Author: Michael Daniel | Published: Sunday, June 16, 2024

Upper Nile governor, James Odhok. (Photo/Press Unit).

Upper Nile governor has formed an 8-member committee to investigate the violence that rocked several parts of the state, and ordered the arrest of army commanders in Akoka and Fashoda believed to be responsible for “unlawful and unjustified killings.”

The committee is mandated to probe the deaths which reportedly occurred in Bouth village, Malakal town, the POC road, as well as the killing of three Falata nomads at the West Bank of the Nile in Lul Payam.

The high-profile team is led by Deputy Governor Deng Joh Angok, deputized by State Advisor for Peace and Security, Jokino Fideli Nyikayo, and include State Minister of Peace Building, James Manyluak Majok.

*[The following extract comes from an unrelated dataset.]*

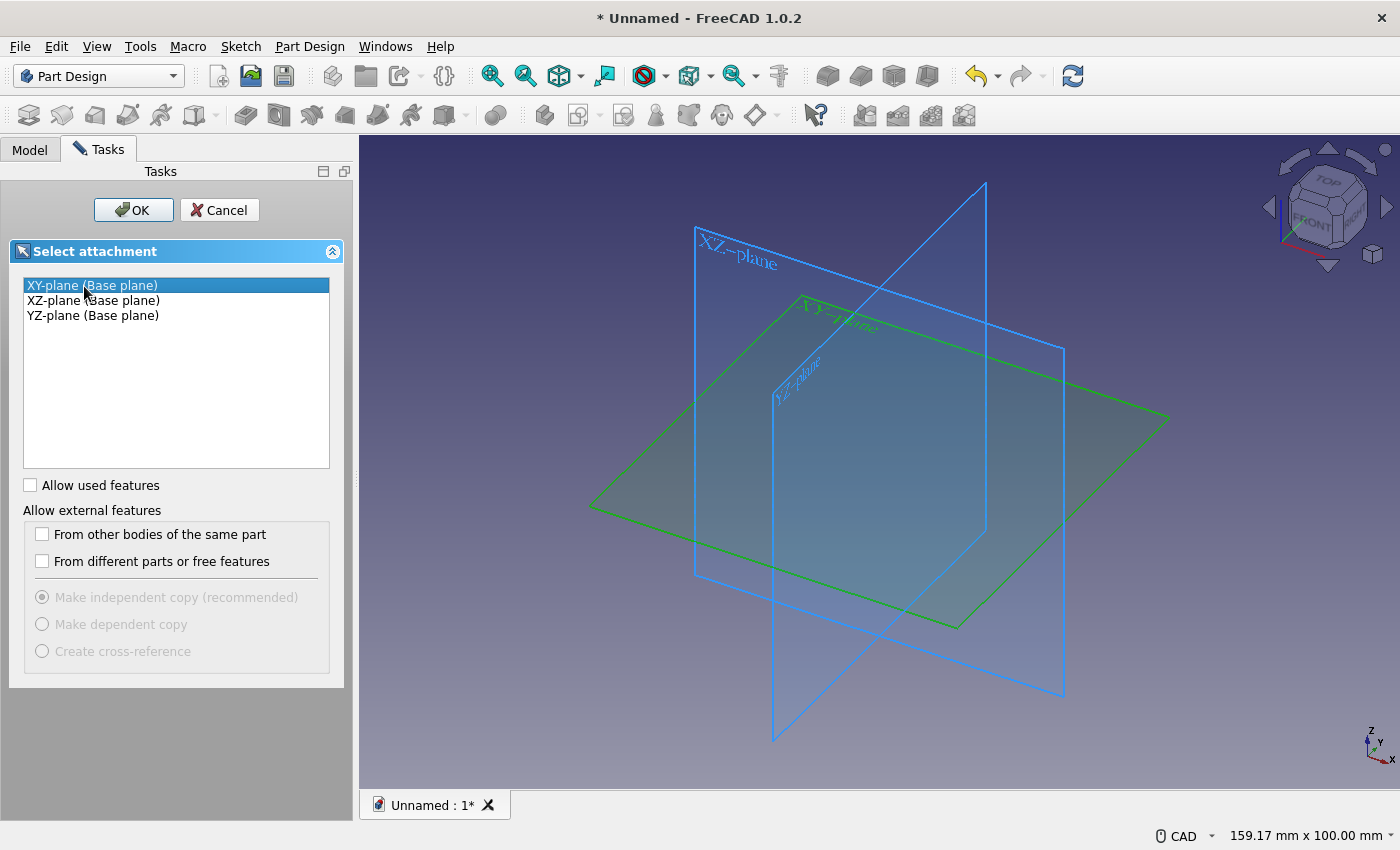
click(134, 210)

Other members are Malakal Mayor Chuol Lual Weng, Head of Legal Administration Molana Nyanagon Arop, SSPDF Division Two Commander, the state Police Commissioner, and the state Director of National Security Service.

The gubernatorial order gives the committee a deadline of 14 days to complete their probe and submit their final findings, according to the governor’s office.

“The committee is empowered to arrest the Commanders of the two Forces in Akoka and Fashoda believed to be responsible for the “unlawful and unjustified killings” and to ensure that all individuals involved are brought to book,” the statement said.

“The tragic loss of lives in Upper Nile State has disturbed public order in the state, and the establishment of this high-level committee signals the government’s commitment to uncovering the truth and delivering justice.”

Governor Odhok’s office said the state population await the outcome of the investigation with the hope that it will provide answers and prevent such senseless violence from occurring again.

The state has been plagued on several occasions, by deadly factional and subnational violence characterized by impunity.

In late 2022, a UN report found that nearly 600 civilians were killed amid gross human rights abuses and serious violations of international humanitarian law by armed groups in the state.

The UN investigation found fighting between armed groups that split from the Sudan People’s Liberation Army-In-Opposition led to at least 884 civilian casualties, of which 594 were killed, 290 injured, 258 abducted.

It was also reported that 75 women and girls were subjected to sexual violence, and the conflict caused a humanitarian crisis that displaced more than 62,000 civilians and led to significant destruction of civilian property.